Truffle Horseradish Potato Purée

2 Pounds Yukon Gold Potatoes

Kosher Salt

8 Ounces Unsalted Butter (See Instructions)

¾ Cup of Heavy Cream, warmed

1-3 Tablespoon Ground Horseradish to taste

¼ Teaspoon Black Truffle Oil

Place unpeeled potatoes in a saucepan and cover with cold salted water.  Bring to a boil, then turn down and simmer for 20 minutes or until potatoes are thoroughly cooked.  Drain the potatoes and allow them to rest a minute or so to dry out.  Peel.  Put potatoes in a ricer and rice into a saucepan.  With each batch of potatoes add a chunk of refrigerated butter.  Cold butter emulsifies better than room temperature and keeps your potatoes from getting overly oily.  Joel Robuchon’s ultimate potato puree has a 2:1 potato to butter ratio.  Use between 8 – 16 ounces of butter if desired.

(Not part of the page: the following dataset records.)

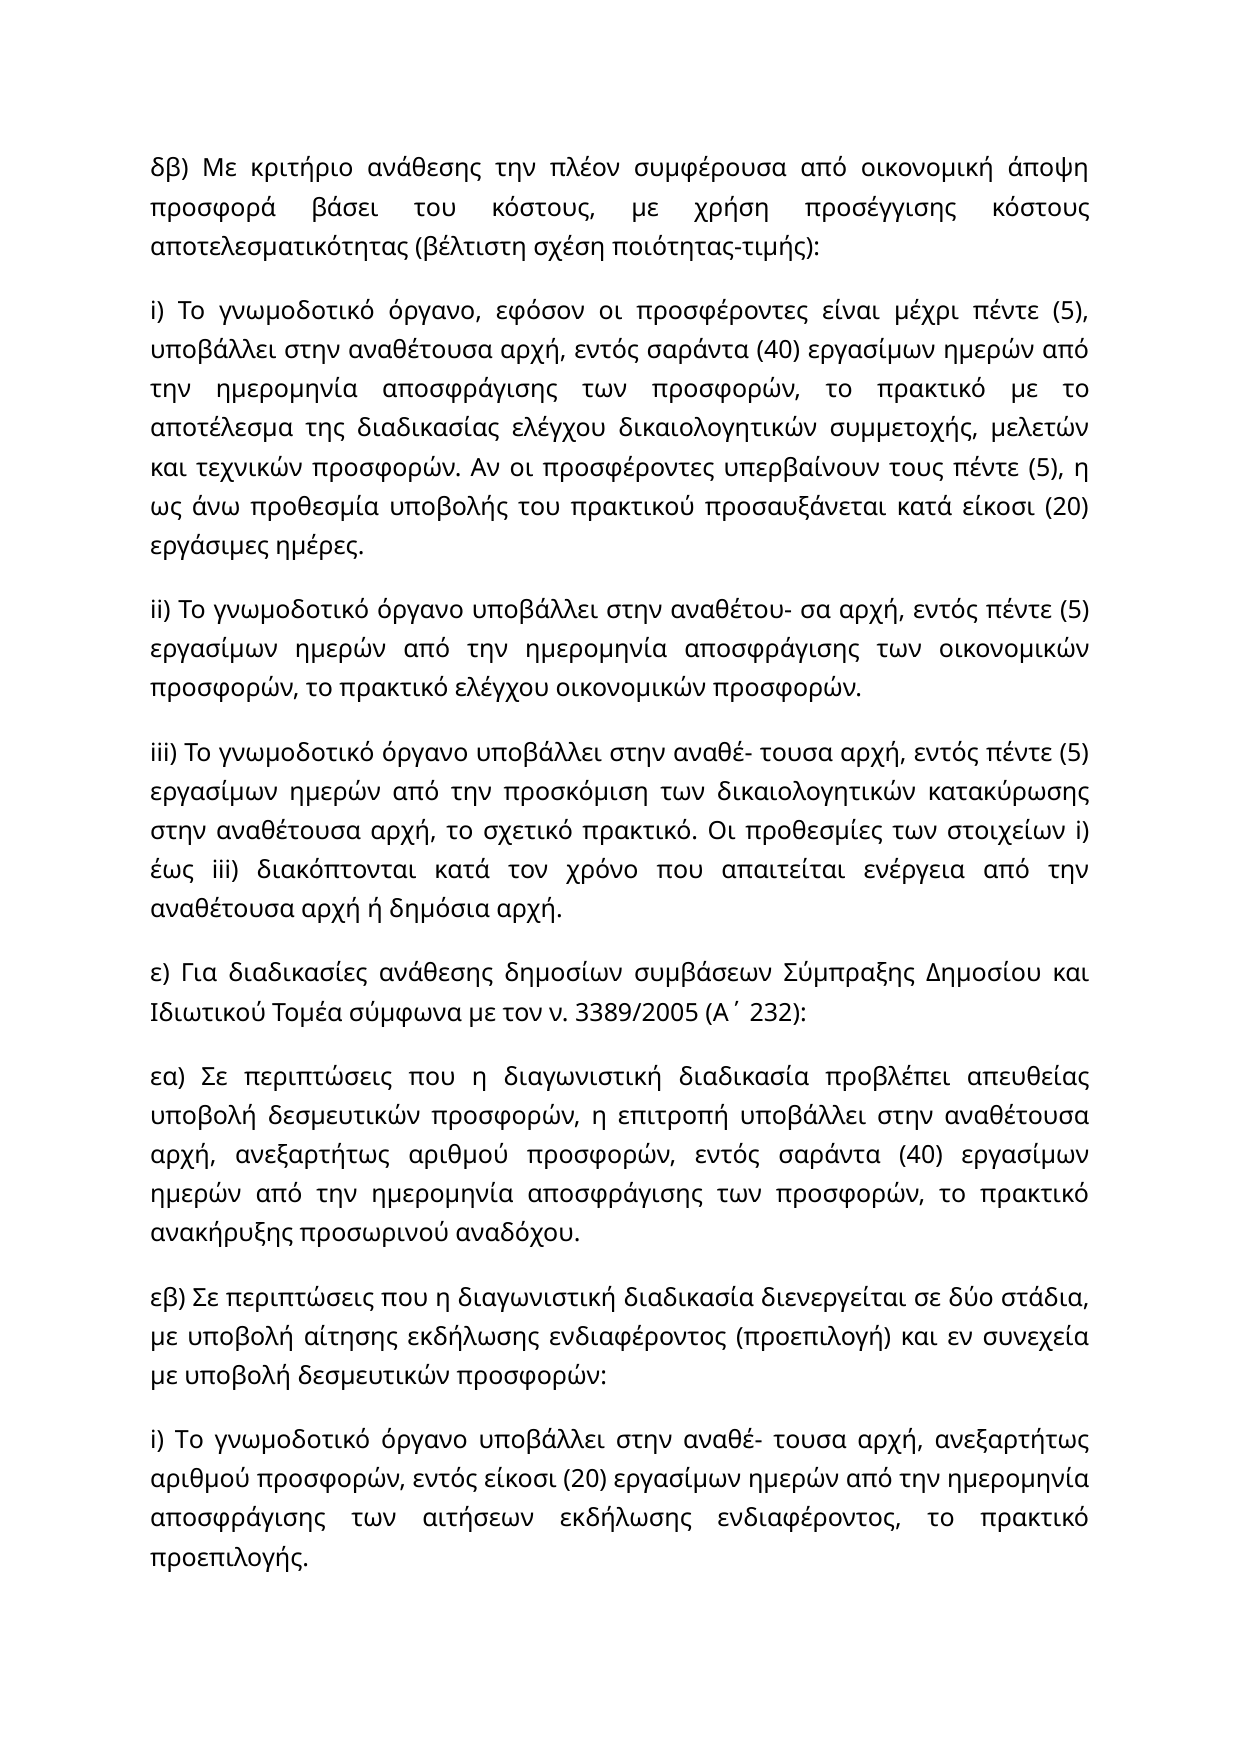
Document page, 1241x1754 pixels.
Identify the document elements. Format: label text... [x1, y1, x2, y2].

text ii) Το γνωμοδοτικό όργανο υποβάλλει στην αναθέτου- σα αρχή, εντός πέντε (5) εργασίμων ημερών από την ημερομηνία αποσφράγισης των οικονομικών προσφορών, το πρακτικό ελέγχου οικονομικών προσφορών. [150, 592, 1090, 704]
text i) Tο γνωμοδοτικό όργανο υποβάλλει στην αναθέ- τουσα αρχή, ανεξαρτήτως αριθμού προσφορών, εντός είκοσι (20) εργασίμων ημερών από την ημερομηνία αποσφράγισης των αιτήσεων εκδήλωσης ενδιαφέροντος, το πρακτικό προεπιλογής. [150, 1422, 1090, 1573]
text εβ) Σε περιπτώσεις που η διαγωνιστική διαδικασία διενεργείται σε δύο στάδια, με υποβολή αίτησης εκδήλωσης ενδιαφέροντος (προεπιλογή) και εν συνεχεία με υποβολή δεσμευτικών προσφορών: [150, 1279, 1090, 1392]
text ε) Για διαδικασίες ανάθεσης δημοσίων συμβάσεων Σύμπραξης Δημοσίου και Ιδιωτικού Τομέα σύμφωνα με τον ν. 3389/2005 (Α΄ 232): [150, 955, 1090, 1028]
text iii) Το γνωμοδοτικό όργανο υποβάλλει στην αναθέ- τουσα αρχή, εντός πέντε (5) εργασίμων ημερών από την προσκόμιση των δικαιολογητικών κατακύρωσης στην αναθέτουσα αρχή, το σχετικό πρακτικό. Οι προθεσμίες των στοιχείων i) έως iii) διακόπτονται κατά τον χρόνο που απαιτείται ενέργεια από την αναθέτουσα αρχή ή δημόσια αρχή. [150, 734, 1090, 925]
text δβ) Με κριτήριο ανάθεσης την πλέον συμφέρουσα από οικονομική άποψη προσφορά βάσει του κόστους, με χρήση προσέγγισης κόστους αποτελεσματικότητας (βέλτιστη σχέση ποιότητας-τιμής): [150, 150, 1090, 262]
text εα) Σε περιπτώσεις που η διαγωνιστική διαδικασία προβλέπει απευθείας υποβολή δεσμευτικών προσφορών, η επιτροπή υποβάλλει στην αναθέτουσα αρχή, ανεξαρτήτως αριθμού προσφορών, εντός σαράντα (40) εργασίμων ημερών από την ημερομηνία αποσφράγισης των προσφορών, το πρακτικό ανακήρυξης προσωρινού αναδόχου. [150, 1058, 1090, 1249]
text i) Το γνωμοδοτικό όργανο, εφόσον οι προσφέροντες είναι μέχρι πέντε (5), υποβάλλει στην αναθέτουσα αρχή, εντός σαράντα (40) εργασίμων ημερών από την ημερομηνία αποσφράγισης των προσφορών, το πρακτικό με το αποτέλεσμα της διαδικασίας ελέγχου δικαιολογητικών συμμετοχής, μελετών και τεχνικών προσφορών. Αν οι προσφέροντες υπερβαίνουν τους πέντε (5), η ως άνω προθεσμία υποβολής του πρακτικού προσαυξάνεται κατά είκοσι (20) εργάσιμες ημέρες. [150, 292, 1090, 562]
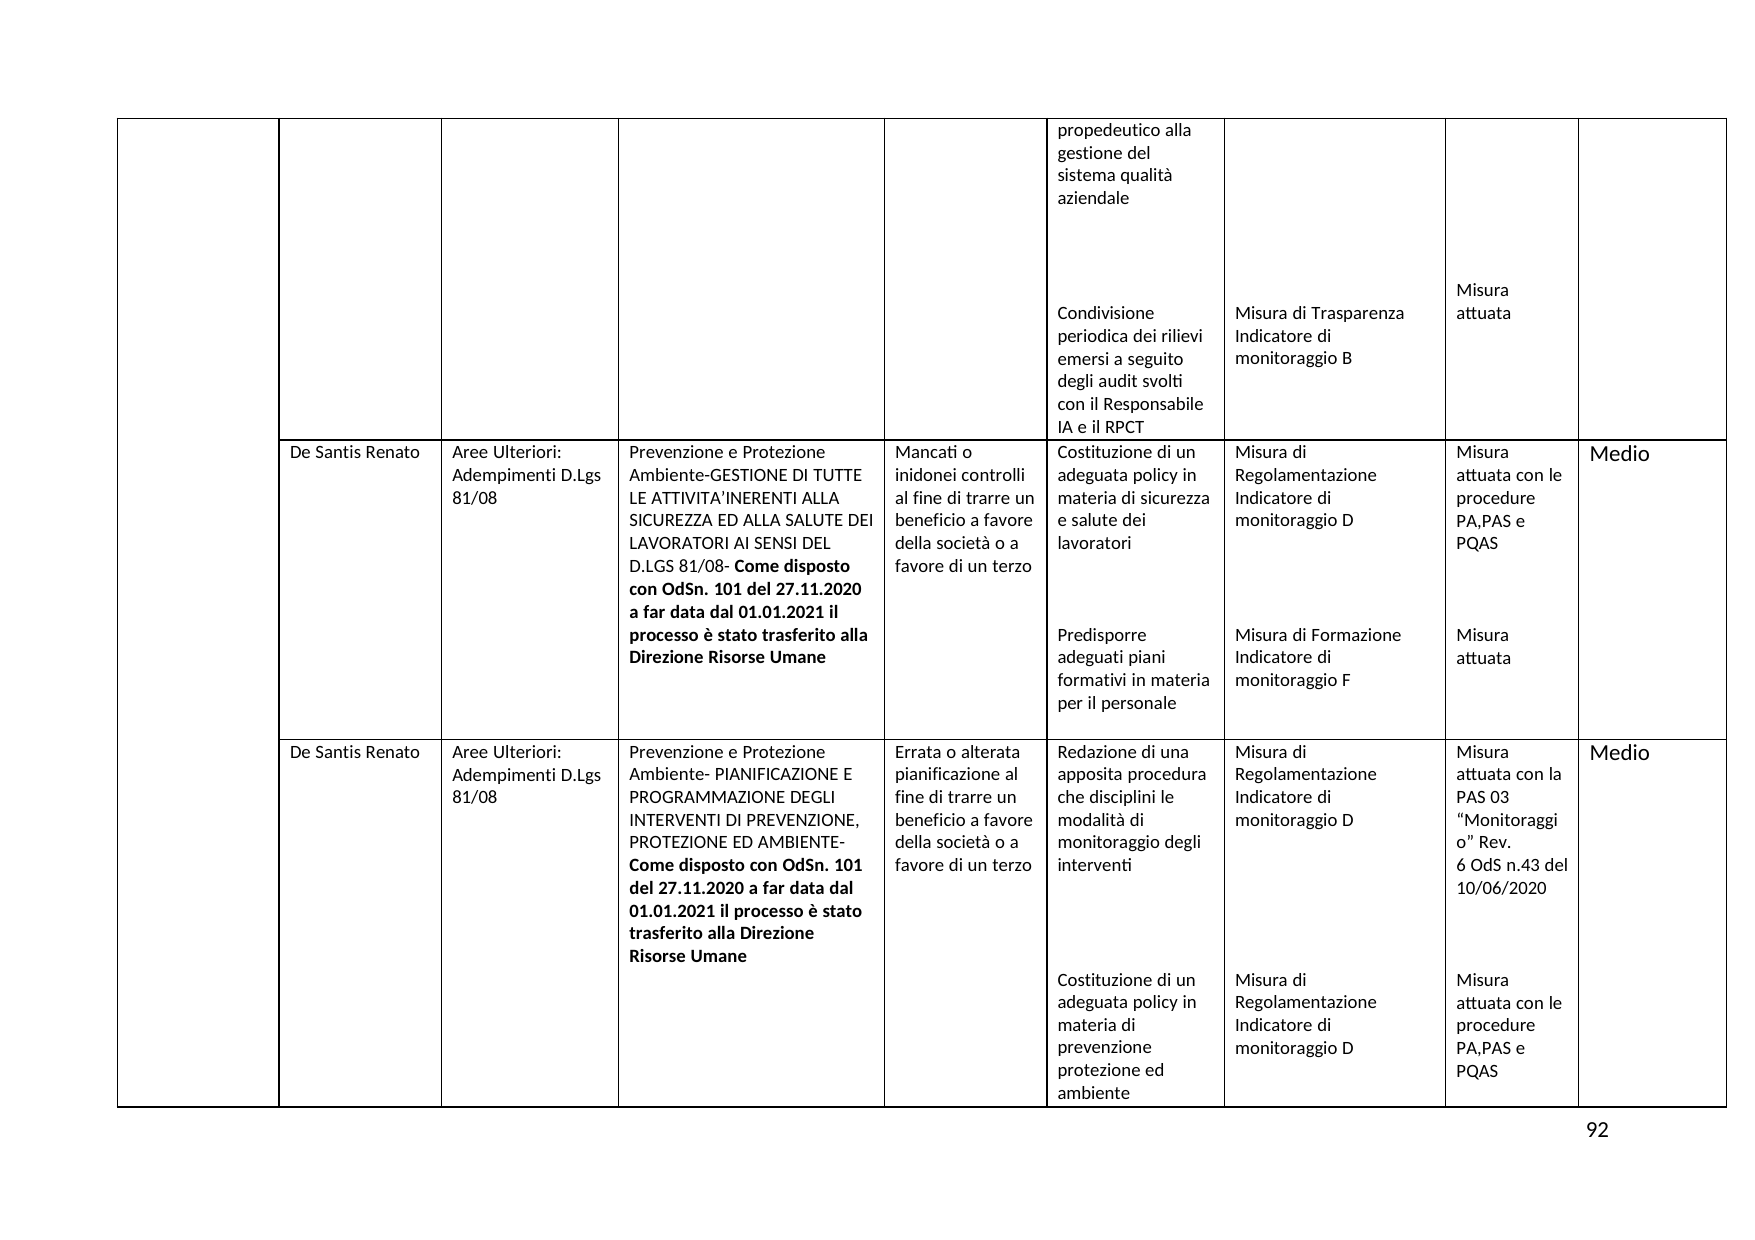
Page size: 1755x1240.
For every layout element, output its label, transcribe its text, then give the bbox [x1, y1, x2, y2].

table_cell Aree Ulteriori: Adempimenti D.Lgs 81/08 [442, 740, 618, 1106]
table_cell Errata o alterata pianificazione al fine di trarre un beneficio a favore della società o a favore di un terzo [885, 740, 1046, 1106]
table_cell Misura attuata con la PAS 03 “Monitoraggi o” Rev. 6 OdS n.43 del 10/06/2020 Misura attuata con le procedure PA,PAS e PQAS [1446, 740, 1578, 1106]
table_header [1579, 119, 1726, 439]
table_cell Costituzione di un adeguata policy in materia di sicurezza e salute dei lavoratori Predisporre adeguati piani formativi in materia per il personale [1048, 441, 1224, 738]
table_cell Mancati o inidonei controlli al fine di trarre un beneficio a favore della società o a favore di un terzo [885, 441, 1046, 738]
table_cell Redazione di una apposita procedura che disciplini le modalità di monitoraggio degli interventi Costituzione di un adeguata policy in materia di prevenzione protezione ed ambiente [1048, 740, 1224, 1106]
table_cell Medio [1579, 441, 1726, 738]
table_header [118, 119, 278, 1106]
table_header propedeutico alla gestione del sistema qualità aziendale Condivisione periodica dei rilievi emersi a seguito degli audit svolti con il Responsabile IA e il RPCT [1048, 119, 1224, 439]
table_header [442, 119, 618, 439]
table_header Misura attuata [1446, 119, 1578, 439]
table_cell Misura di Regolamentazione Indicatore di monitoraggio D Misura di Formazione Indicatore di monitoraggio F [1225, 441, 1445, 738]
table_cell Prevenzione e Protezione Ambiente- PIANIFICAZIONE E PROGRAMMAZIONE DEGLI INTERVENTI DI PREVENZIONE, PROTEZIONE ED AMBIENTE- Come disposto con OdSn. 101 del 27.11.2020 a far data dal 01.01.2021 il processo è stato trasferito alla Direzione Risorse Umane [619, 740, 884, 1106]
table_header Misura di Trasparenza Indicatore di monitoraggio B [1225, 119, 1445, 439]
table_cell Misura attuata con le procedure PA,PAS e PQAS Misura attuata [1446, 441, 1578, 738]
table_header [280, 119, 441, 439]
table_cell De Santis Renato [280, 441, 441, 738]
table_header [885, 119, 1046, 439]
table_header [619, 119, 884, 439]
table_cell Misura di Regolamentazione Indicatore di monitoraggio D Misura di Regolamentazione Indicatore di monitoraggio D [1225, 740, 1445, 1106]
table_cell Prevenzione e Protezione Ambiente-GESTIONE DI TUTTE LE ATTIVITA’INERENTI ALLA SICUREZZA ED ALLA SALUTE DEI LAVORATORI AI SENSI DEL D.LGS 81/08- Come disposto con OdSn. 101 del 27.11.2020 a far data dal 01.01.2021 il processo è stato trasferito alla Direzione Risorse Umane [619, 441, 884, 738]
table_cell De Santis Renato [280, 740, 441, 1106]
table_cell Aree Ulteriori: Adempimenti D.Lgs 81/08 [442, 441, 618, 738]
table_cell Medio [1579, 740, 1726, 1106]
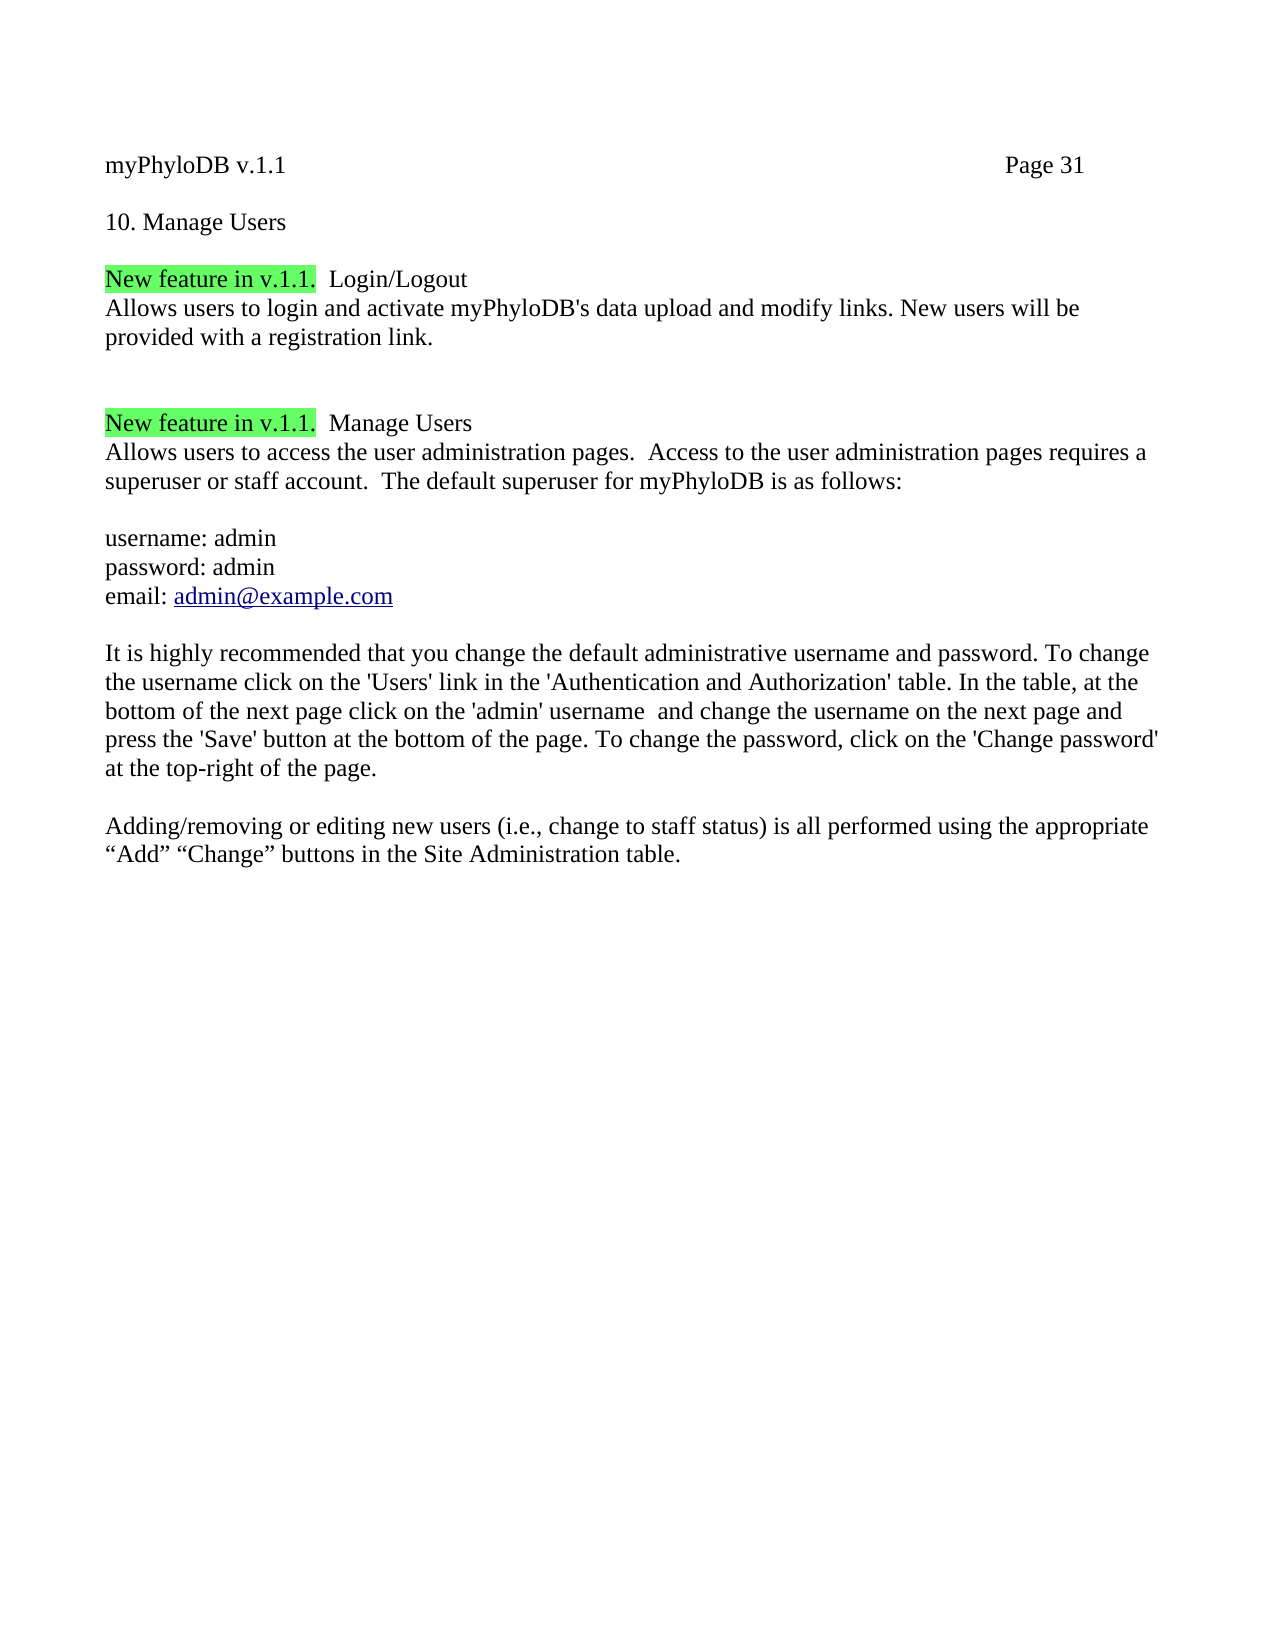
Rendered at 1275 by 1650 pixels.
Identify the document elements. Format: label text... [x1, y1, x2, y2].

text It is highly recommended that you change the default administrative username and password. To change the username click on the 'Users' link in the 'Authentication and Authorization' table. In the table, at the bottom of the next page click on the 'admin' username and change the username on the next page and press the 'Save' button at the bottom of the page. To change the password, click on the 'Change password' at the top-right of the page. [105, 638, 1170, 782]
text New feature in v.1.1. Manage Users [105, 408, 1170, 437]
text New feature in v.1.1. Login/Logout [105, 264, 1170, 293]
text password: admin [105, 552, 1170, 581]
text Adding/removing or editing new users (i.e., change to staff status) is all performed using the appropriate “Add” “Change” buttons in the Site Administration table. [105, 811, 1170, 868]
text Allows users to login and activate myPhyloDB's data upload and modify links. New users will be provided with a registration link. [105, 293, 1170, 351]
text email: admin@example.com [105, 581, 1170, 609]
text Allows users to access the user administration pages. Access to the user administration pages requires a superuser or staff account. The default superuser for myPhyloDB is as follows: [105, 437, 1170, 494]
text 10. Manage Users [105, 207, 1170, 236]
text username: admin [105, 523, 1170, 552]

Stir in Horseradish.  Place saucepan over low heat and whip potatoes with a spoon for 1 – 2 minutes until smooth.  Potatoes can be held at this point until ready to serve.

Before serving place potato puree over low heat. Warm potatoes stirring constantly. Stir in warm cream a third at a time stirring constantly so as not to burn potatoes. Stir in ¼ teaspoon Black Truffle oil or to taste. Stir potatoes rapidly until creamy and soft. If potatoes are too heavy or thick, stir in a tablespoon at a time of warm water to reach desire consistency. Adjust salt and pepper to taste. Serve.